Ao invés de “diagnosticar” e “tratar” as pessoas (seguindo um modelo médico de funcionamento psicológico), o Power Threat Meaning Framework (PTMF) propõe que os terapeutas devem escutar as história que as pessoas nos contam (às vezes, ajudando elas através das perguntas que o modelo fornece). Ao nos contar suas histórias, elas narram o que aconteceu com elas, como isso afetou elas, que significado elas atribuíram para essas situações e experiências, como elas reagiram à essas ameaças, quais recursos elas têm disponível para resolver seus problemas e, finalmente, como elas encaixam tudo isso. O papel do terapeuta, ao invés de “tratar a pessoa”, é o de acompanhar, de escuta ativa e que se esforça para formar um relacionamento com o ser humano que está na sua frente.
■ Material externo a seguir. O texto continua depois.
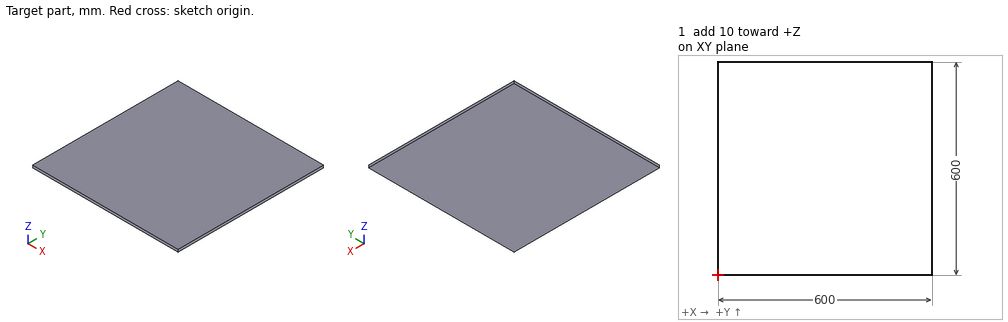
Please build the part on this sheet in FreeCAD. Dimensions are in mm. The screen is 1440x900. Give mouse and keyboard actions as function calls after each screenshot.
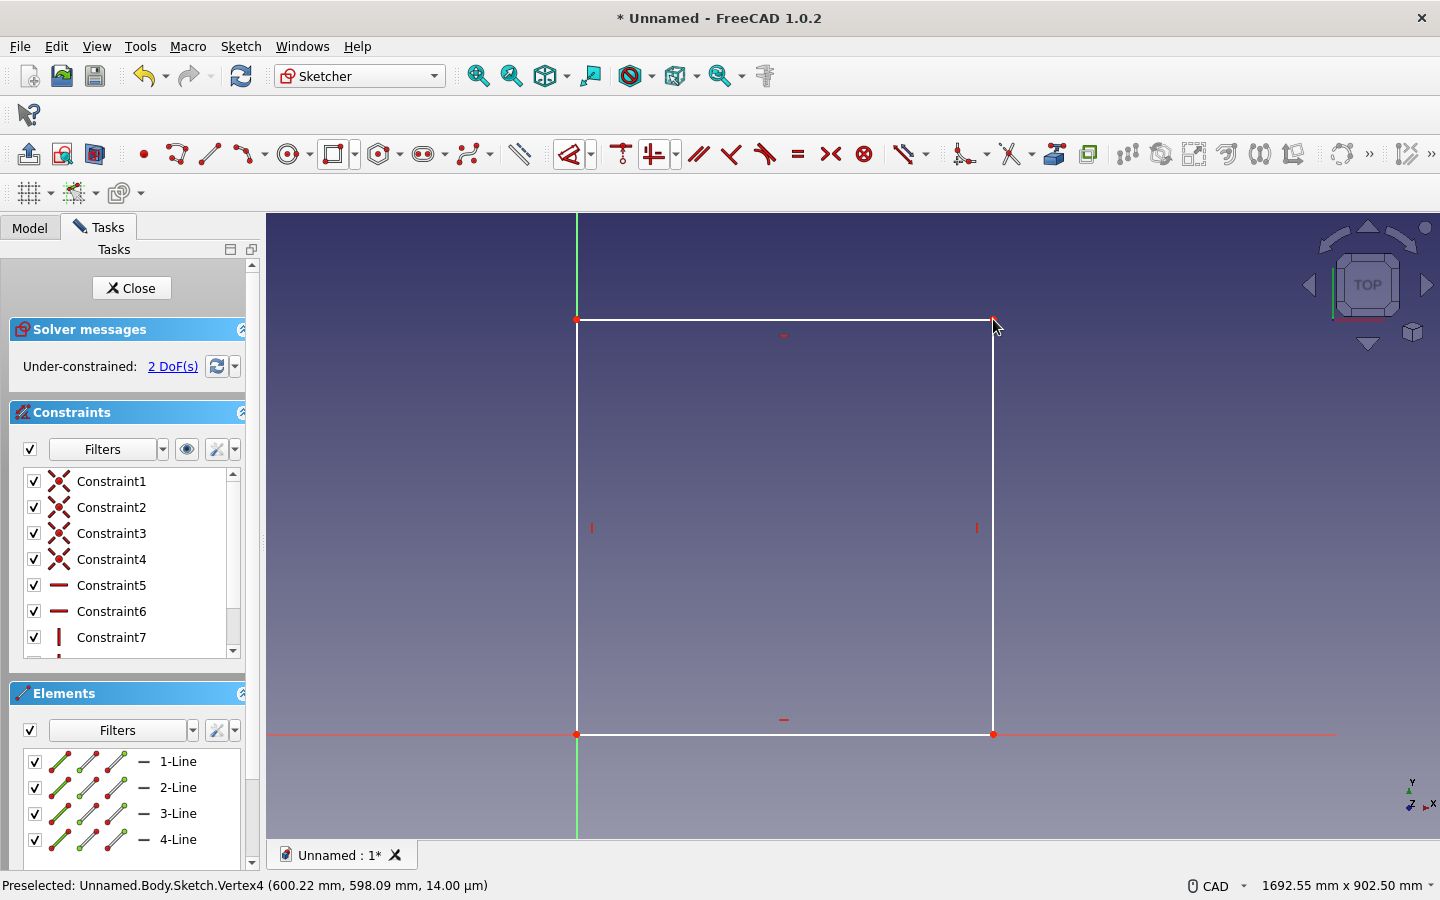
click(568, 154)
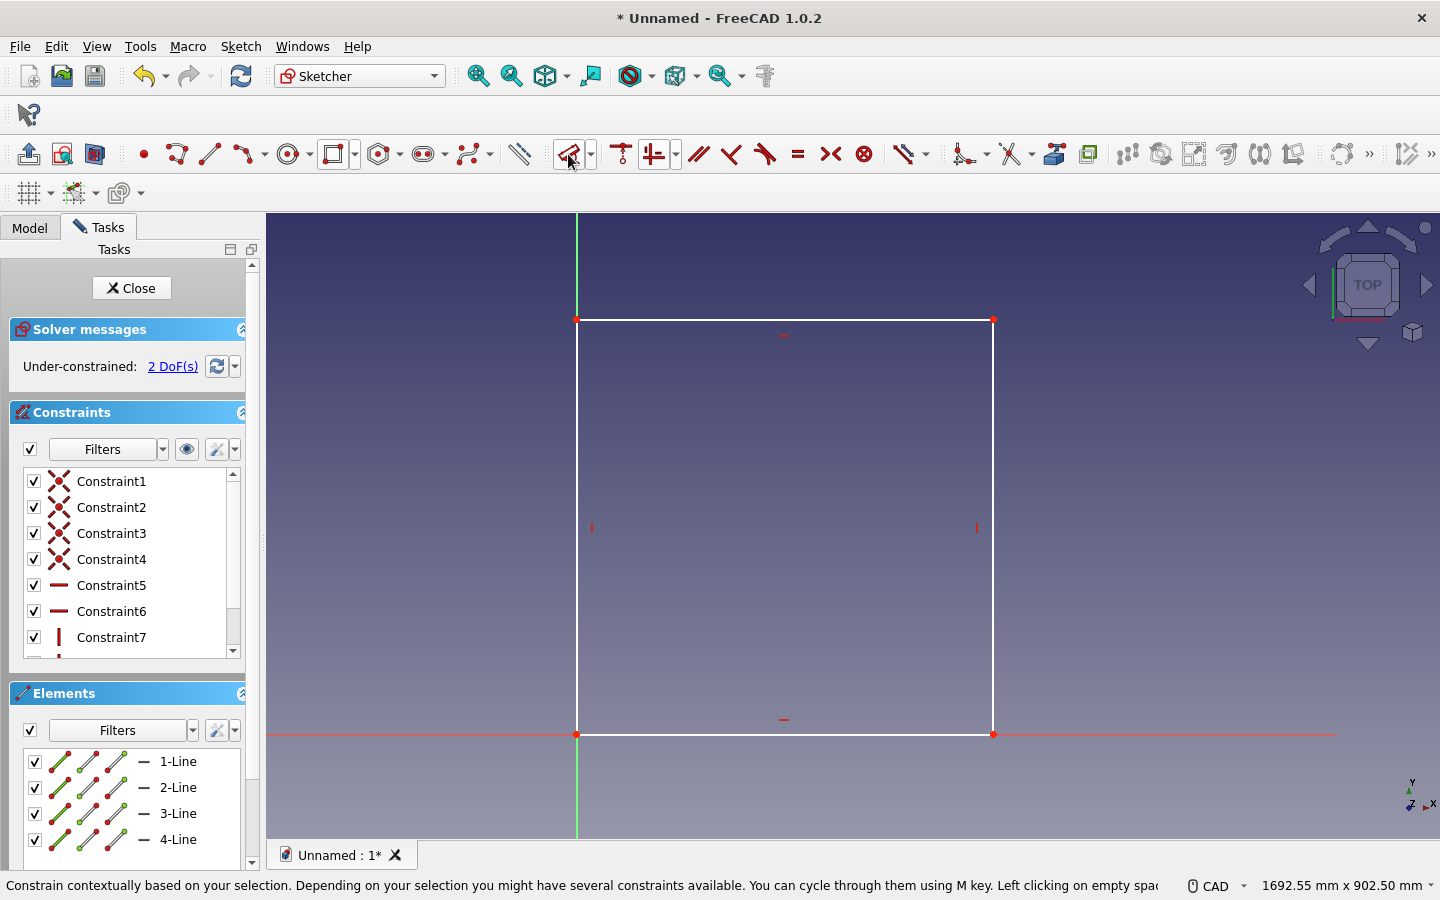
click(702, 735)
click(785, 769)

Aos poucos, como resultados de cada vez mais pesquisas, diversos profissionais passam a questionar o papel político da psicoterapia.
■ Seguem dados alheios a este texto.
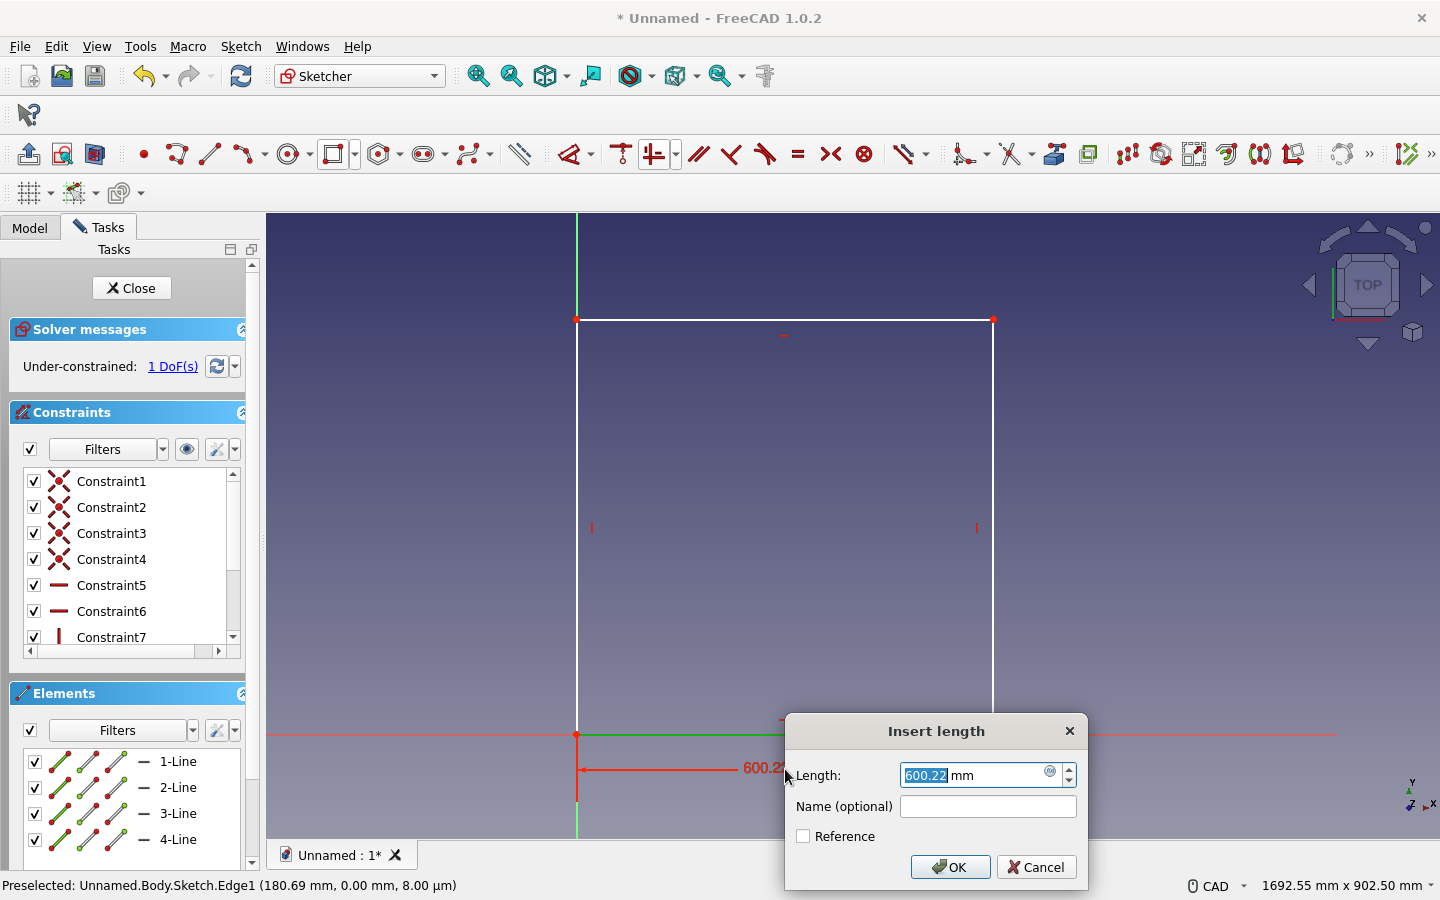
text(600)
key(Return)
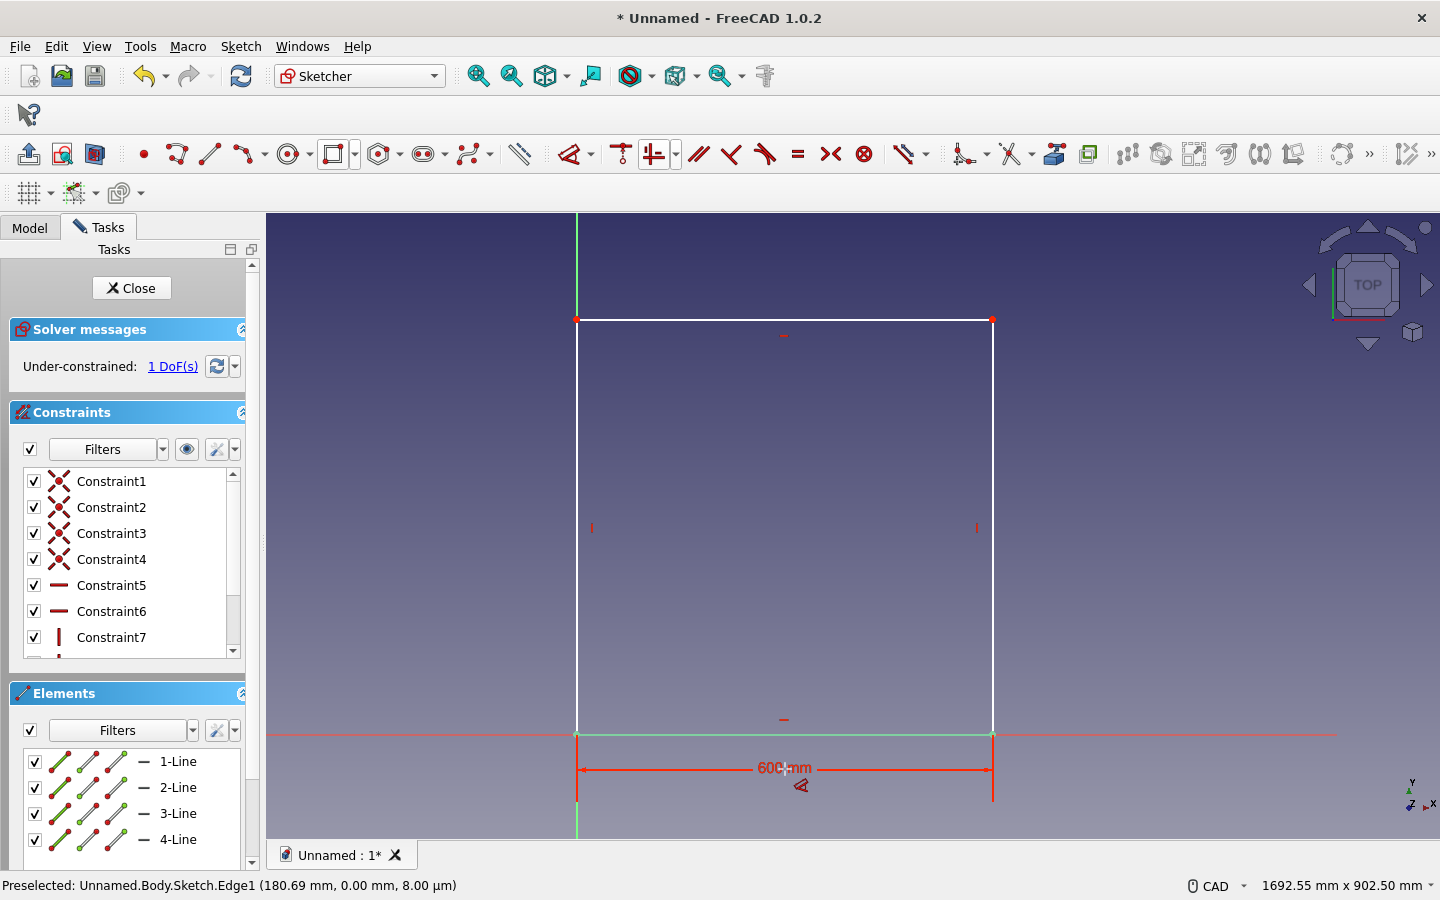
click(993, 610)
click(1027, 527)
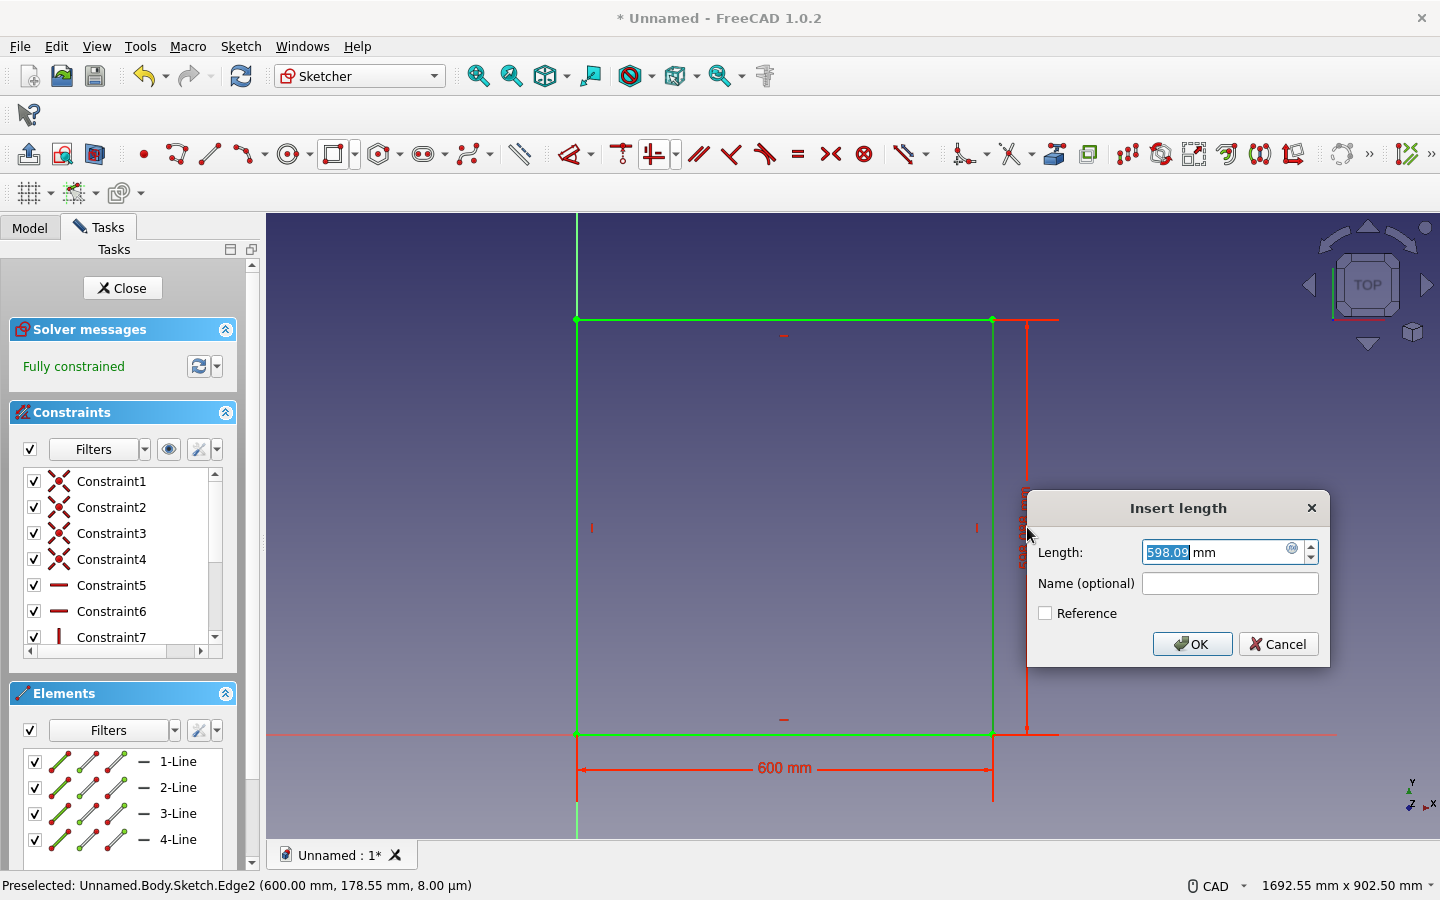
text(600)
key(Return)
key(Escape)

Para além do mito da imparcialidade e neutralidade: o ativista clínico

Em 1978, James Holland escreveu um texto onde perguntava: “Behaviorismo: parte do problema ou da solução?”. Diversos profissionais responderam que não só o Behaviorismo, mas a psicologia como um todo estava sendo parte do problema. O problema que Holland estava falando era das sociedades estratificadas e hierarquizadas, com notórias desigualdades sociais.
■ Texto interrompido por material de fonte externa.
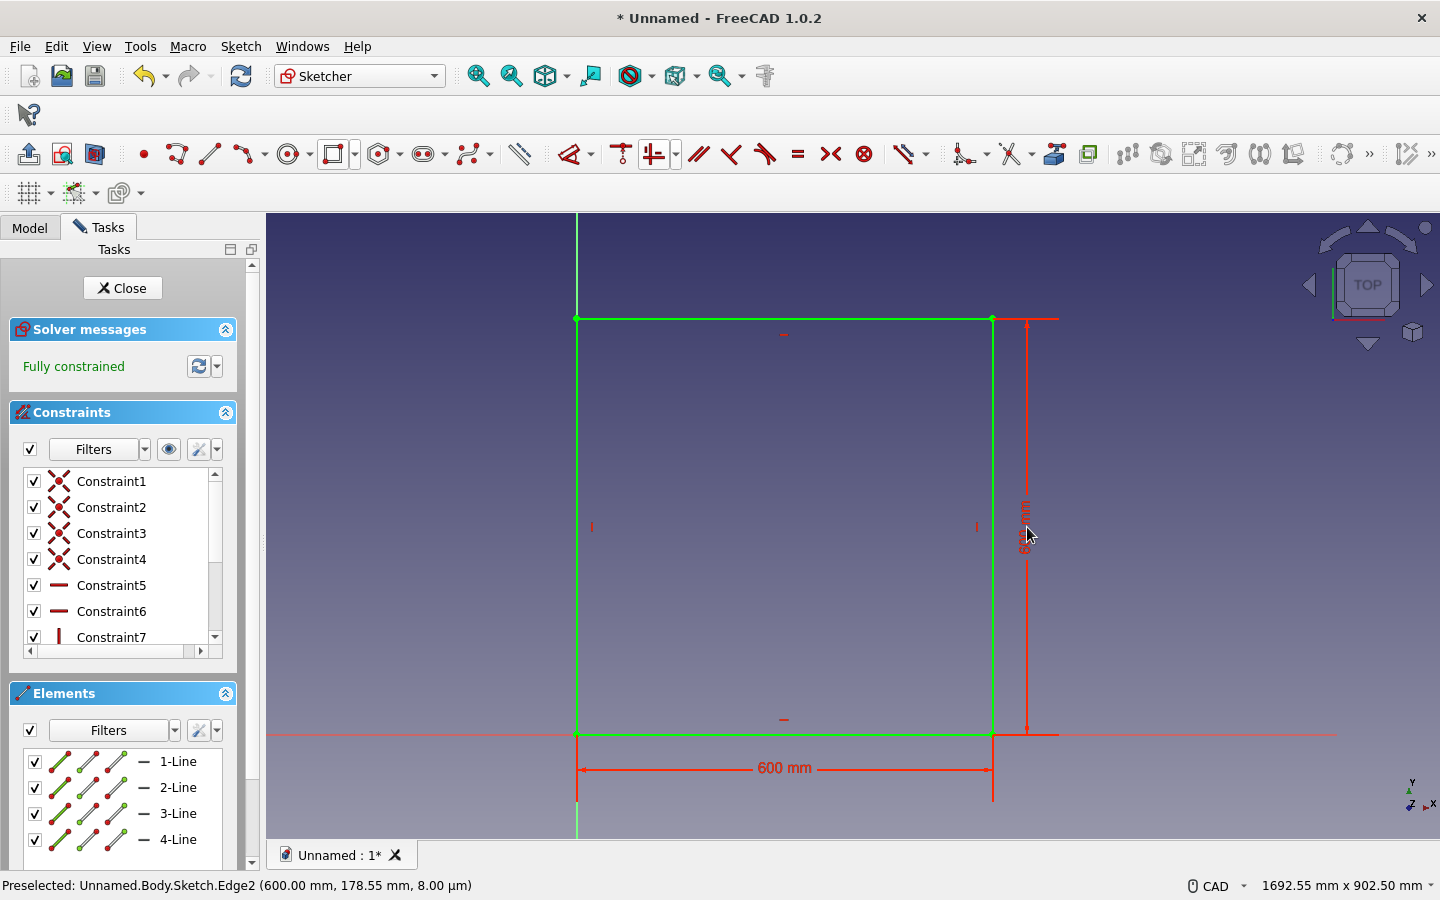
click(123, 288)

Além do papel das pesquisas científicas, talvez mais importante ainda, existe o posicionamento político. Por muito tempo, os psicólogos fingiram poder adotar o mito do papel imparcial e neutro em suas práticas clínicas. Mas no que se refere à questões humanas, sociais e políticas, não existe imparcialidade ou neutralidade. Ou você está trabalhando a serviço da manutenção de um poder dominador ou a serviço da transformação social, da autonomia, solidariedade e de um poder autogestionário.

Bobbie Harro escreve que os sistemas de dominação e privilégio criam as funções de agentes e alvos. Agentes são aqueles que facilitam que as classes privilegiadas exerçam a dominação das classes oprimidas e dominadas (os alvos). O psicólogo clínico ou psicoterapeuta pode exercer a função de agente, reforçando o sistema de dominação, por não se envolver na reflexão crítica sobre seu papel de agente, se tornando cúmplice da opressão dos alvos. Harro, entre tantos outros, antes e depois, defende o papel oposto ao de agente, o de ativista clínico, que confronta o próprio lugar na teia de privilégios, adotando um posicionamento, questionando o status quo e iniciando uma transformação crítica que pode quebrar o sistema de dominação e começar um novo sistema que conduz à libertação para todas as pessoas.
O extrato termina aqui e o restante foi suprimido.